Amanecerá más temprano y oscurecerá antes. Esta próxima madrugada toca, como cada final de octubre, cambiar la hora, adecuarse a lo que se ha dado en llamar horario de invierno. Atrasar una hora el reloj, vamos. La justificación es el ahorro energético, pero hay muchos que piensan que sólo es una medida estúpida.

El Estado mejicano de Sonora decidió en 1998 dejar de aplicar el horario de verano como se hacía en todo el país y en decenas y decenas de lugares del planeta. Lo hizo después de presentar un estudio médico que revelaba supuestas repercusiones en la salud de sus pobladores. Una de ellas fue que, según urólogos entrevistados, en general el apetito sexual se eleva hacia las 5 ó 6 de la mañana, paralelamente al incremento de los niveles de testosterona en sangre. Pues según constataron, el cambio de horario significó alterar los hábitos sexuales de la pareja, lo cual produjo problemas de sueño, fatiga y otros. Eso sí, donde no se pusieron de acuerdo es en el efecto que el cambio de horario produjo sobre aspectos específicos, como la capacidad de erección.

Lo anterior no es broma. Forma parte de una investigación realizada en el año 2000, dentro de un estudio sobre el ‘‘Impacto de la aplicación del horario de verano en la sociedad mexicana’’, encargado a la Universidad Autónoma de Méjico a solicitud de la Secretaría de Energía y la Comisión Federal de Electricidad del país. No hemos encontrado ningún análisis similar, y ninguno que haga referencia a las consecuencias de aplicar no ya el horario de verano, sino el de invierno, pero la realidad es que, cada último domingo de octubre una directiva europea nos obliga a cambiar la hora, o mejor dicho, a atrasarla.Pero no se fíe.

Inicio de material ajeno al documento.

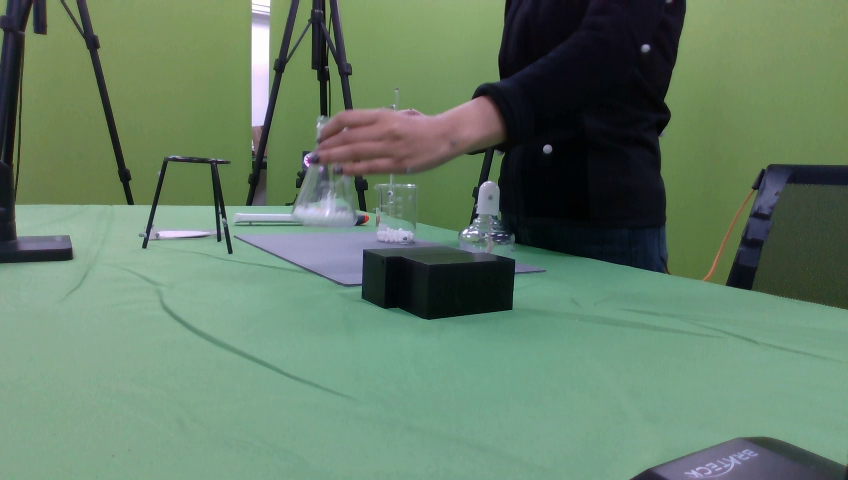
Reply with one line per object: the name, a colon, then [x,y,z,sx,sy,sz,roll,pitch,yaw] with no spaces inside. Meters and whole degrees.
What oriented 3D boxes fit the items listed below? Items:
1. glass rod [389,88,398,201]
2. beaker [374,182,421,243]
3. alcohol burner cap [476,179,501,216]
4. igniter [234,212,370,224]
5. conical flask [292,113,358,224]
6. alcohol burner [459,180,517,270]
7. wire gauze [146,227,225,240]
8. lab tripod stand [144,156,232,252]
glass rod: [-0.052,-0.164,1.034,0.008,0.199,0.008,2,-7,1]
beaker: [-0.049,-0.048,1.031,0.083,0.100,0.074,5,7,24]
alcohol burner cap: [0.086,-0.056,0.801,0.034,0.048,0.034,4,2,0]
igniter: [-0.247,-0.046,1.253,0.278,0.025,0.057,-1,-2,-27]
conical flask: [-0.108,-0.081,0.688,0.075,0.122,0.075,6,5,0]
alcohol burner: [0.086,-0.021,0.805,0.078,0.119,0.078,3,9,0]
wire gauze: [-0.400,-0.012,1.019,0.122,0.011,0.124,-1,6,-26]
lab tripod stand: [-0.325,-0.054,0.881,0.148,0.131,0.148,4,7,0]
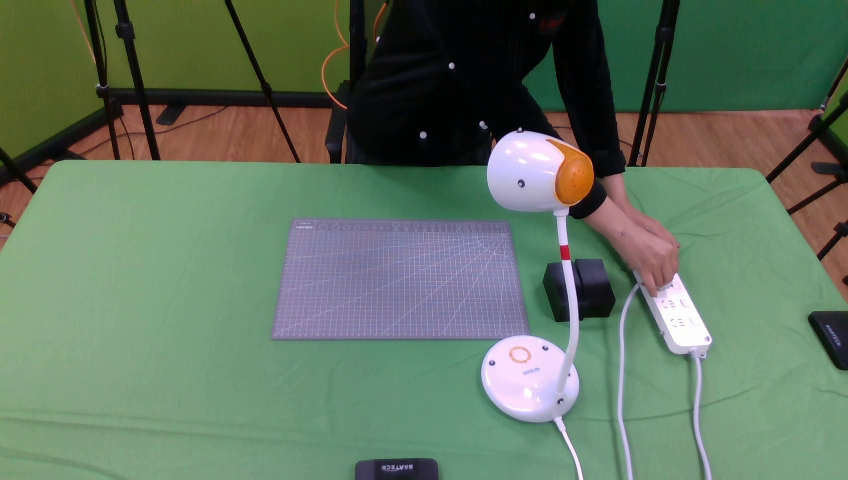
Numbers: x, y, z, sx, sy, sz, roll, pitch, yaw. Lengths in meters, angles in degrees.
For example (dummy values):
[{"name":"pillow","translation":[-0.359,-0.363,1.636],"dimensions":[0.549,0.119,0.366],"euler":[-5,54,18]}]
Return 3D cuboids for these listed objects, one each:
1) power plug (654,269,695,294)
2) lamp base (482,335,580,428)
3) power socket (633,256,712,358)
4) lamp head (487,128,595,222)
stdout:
[{"name":"power plug","translation":[0.450,0.084,1.099],"dimensions":[0.035,0.053,0.072],"euler":[-33,62,-1]},{"name":"lamp base","translation":[0.185,0.178,0.928],"dimensions":[0.161,0.181,0.178],"euler":[-22,53,-23]},{"name":"power socket","translation":[0.451,0.115,1.112],"dimensions":[0.072,0.033,0.225],"euler":[-3,46,-5]},{"name":"lamp head","translation":[0.160,-0.084,0.791],"dimensions":[0.112,0.113,0.122],"euler":[-24,28,-25]}]
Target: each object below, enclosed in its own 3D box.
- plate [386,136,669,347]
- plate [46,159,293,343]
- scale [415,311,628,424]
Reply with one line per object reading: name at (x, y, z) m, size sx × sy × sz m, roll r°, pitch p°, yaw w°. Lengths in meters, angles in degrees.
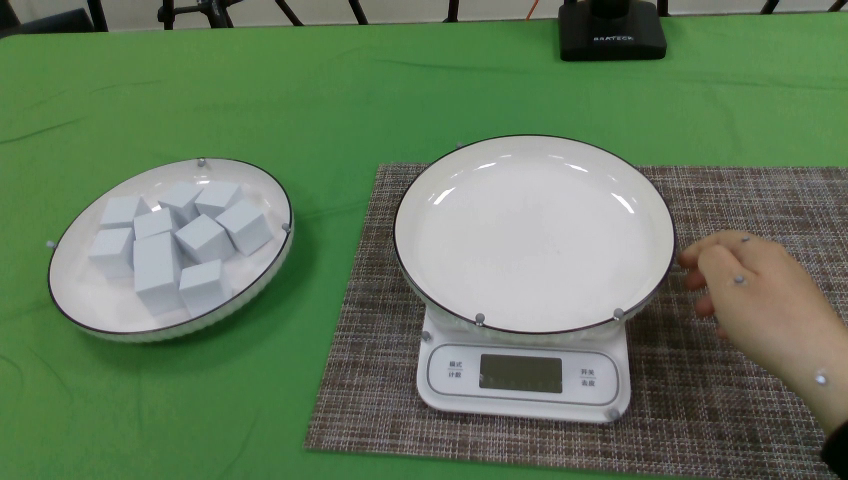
plate at (0.076, -0.002, 0.467) m, size 0.207 × 0.039 × 0.205 m, roll -2°, pitch 48°, yaw 3°
plate at (-0.217, 0.008, 0.537) m, size 0.209 × 0.038 × 0.207 m, roll -3°, pitch 47°, yaw 3°
scale at (0.076, 0.042, 0.472) m, size 0.148 × 0.032 × 0.199 m, roll 2°, pitch 48°, yaw 9°
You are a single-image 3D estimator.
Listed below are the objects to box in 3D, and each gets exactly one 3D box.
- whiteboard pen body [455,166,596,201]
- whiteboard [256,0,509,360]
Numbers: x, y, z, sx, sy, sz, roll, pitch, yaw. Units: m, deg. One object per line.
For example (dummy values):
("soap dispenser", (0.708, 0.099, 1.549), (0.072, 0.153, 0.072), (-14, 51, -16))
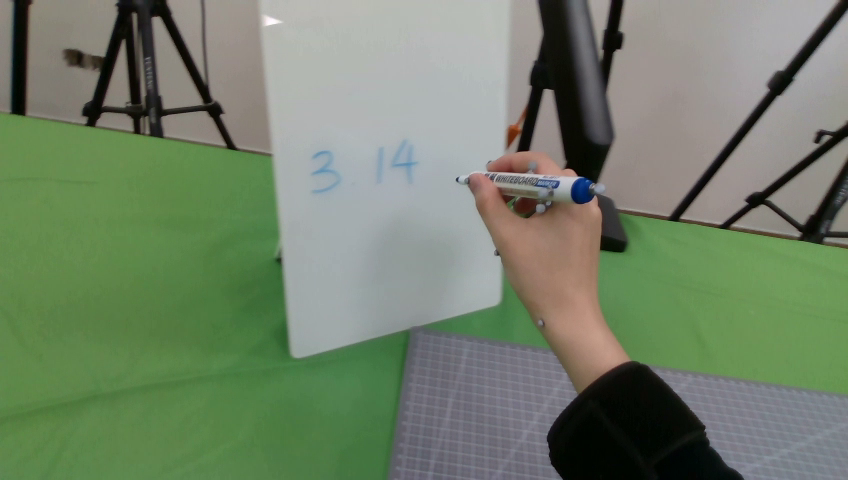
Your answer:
("whiteboard pen body", (0.058, -0.039, 0.400), (0.017, 0.017, 0.139), (-10, 13, -28))
("whiteboard", (-0.050, -0.081, 0.561), (0.218, 0.307, 0.142), (-11, 20, -27))

Si, por ejemplo, usted viaja esta próxima madrugada en tren de Italia a Alemania, puede pensar que llegará, digamos a Colonia, una hora más temprano de lo previsto. Pues se equivoca, llegará a la misma hora, ya que los puntuales alemanes, con tal de «llegar a la hora», hacen que todos los trenes nocturnos detengan su marcha por una hora a medianoche cuando la hora se atrasa.

Lo que empezo franklin

Lo que es seguro es que este domingo por la mañana más de uno llegará con una hora de adelanto a alguna cita. Al partido de fútbol de los domingos, a la salida montañera dominical, incluso a misa de doce. ¿Y por qué? Porque se ahorra energía, o al menos eso nos dicen desde la Unión Europea. Esta propuesta se aplicó como directiva en 1981, renovándose cada cuatro años, y obligaba a todos los estados de la UE a cumplirla, y asimismo otros países del mundo también la adoptaron. En el año 2001 se decidió aplicar el cambio de horario de forma indefinida en Europa, con excepción hecha de Islandia, que no sigue esta norma.

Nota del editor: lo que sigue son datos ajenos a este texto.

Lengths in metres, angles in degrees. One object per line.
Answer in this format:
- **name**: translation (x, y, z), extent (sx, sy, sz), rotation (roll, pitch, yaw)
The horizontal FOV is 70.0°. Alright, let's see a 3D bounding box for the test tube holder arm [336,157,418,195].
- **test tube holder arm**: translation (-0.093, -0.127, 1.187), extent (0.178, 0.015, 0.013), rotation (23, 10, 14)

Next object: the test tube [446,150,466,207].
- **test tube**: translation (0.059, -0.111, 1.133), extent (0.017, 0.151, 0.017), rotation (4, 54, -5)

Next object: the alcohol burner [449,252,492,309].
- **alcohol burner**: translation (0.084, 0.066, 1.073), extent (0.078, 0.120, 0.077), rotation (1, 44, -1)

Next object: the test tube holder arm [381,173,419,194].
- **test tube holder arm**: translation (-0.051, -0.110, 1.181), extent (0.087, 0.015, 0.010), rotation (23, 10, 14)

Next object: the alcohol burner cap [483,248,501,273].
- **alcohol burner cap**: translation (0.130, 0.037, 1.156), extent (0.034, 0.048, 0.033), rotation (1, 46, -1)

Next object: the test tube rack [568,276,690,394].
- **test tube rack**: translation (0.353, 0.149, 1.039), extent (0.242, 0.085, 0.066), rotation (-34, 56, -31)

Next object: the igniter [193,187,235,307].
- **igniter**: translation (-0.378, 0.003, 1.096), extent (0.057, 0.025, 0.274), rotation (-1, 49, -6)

Dicen que todo comenzó con la idea que un personaje histórico como Benjamín Franklin escribió en forma de carta, más en broma que en serio, en un diario parisino. Pero fue en 1907, un tal Guillermo Willett, el primero en proponerlo con cierto rigor, aunque el Gobierno británico no lo tuvo en consideración.

A partir de ahí y aunque hubo gobiernos que ensayaron con el cambio horario por diferentes razones ­en el Estado español sucedió por primera vez en 1918, aunque para ahorrar carbón­, es sabido que éste no se aplicó de forma general hasta 1974, cuando muchos estados europeos, a raíz de la crisis del petróleo, decidieron llevar a cabo la medida. Sin embargo, siempre ha existido el mismo debate, ¿realmente interesa cambiar la hora?

Al recurrido científico Javier Armentia, director del Planetario de Iruña, le podemos leer en su recomendable bitácora personal: «Si de ahorrar energía se tratara, realmente lo que podía hacerse era adecuar los horarios laborales, en cada sitio, con la mayor o menor duración del día. Para eso no hace falta cambiar la hora, sino introducir en los convenios un horario primavera-verano y otro otoño-invierno… Igual, algún lumbrera de éstos se daba cuenta que, de hecho, algo así ya existe en muchos sectores, haciendo innecesario esta doble discontinuidad horaria anual». Pero si alguien duda de su opinión, ahí va otra perla de su exposición: «Una vez más, como cada semestre, todos a hacer el idiota con lo del cambio de hora», y todo, añade, «porque dicen que se ahorra un 1% diario, con el cambio. Si los defensores de esta estupidez no tienen más que un mísero puntillo con el que justificarse, cabe temer que realmente será menos».

No es la única voz de un divulgador científico de referencia en el Estado español. Manuel Toharia, director del museo de las Ciencias de Valencia, reflexionaba en cierta ocasión sobre este mismo debate: «El cambio de horario es una estupidez y una auténtica chorrada. Es falso que se produzca un ahorro energético. Los datos del Ministerio de Industria no son reales. Lo único que se consigue con adelantar o atrasar el reloj es desplazar el horario civil. Lo que ahorramos por la noche lo gastamos por la mañana. Hay tantos trasnochadores como madrugadores. Lo que pasa es que los países de la Unión Europea lo siguen aplicando por inercia administrativa. Costó mucho ponerse de acuerdo para cambiar el horario y los gobiernos tienen otras cosas que hacer que volver a cambiarlo».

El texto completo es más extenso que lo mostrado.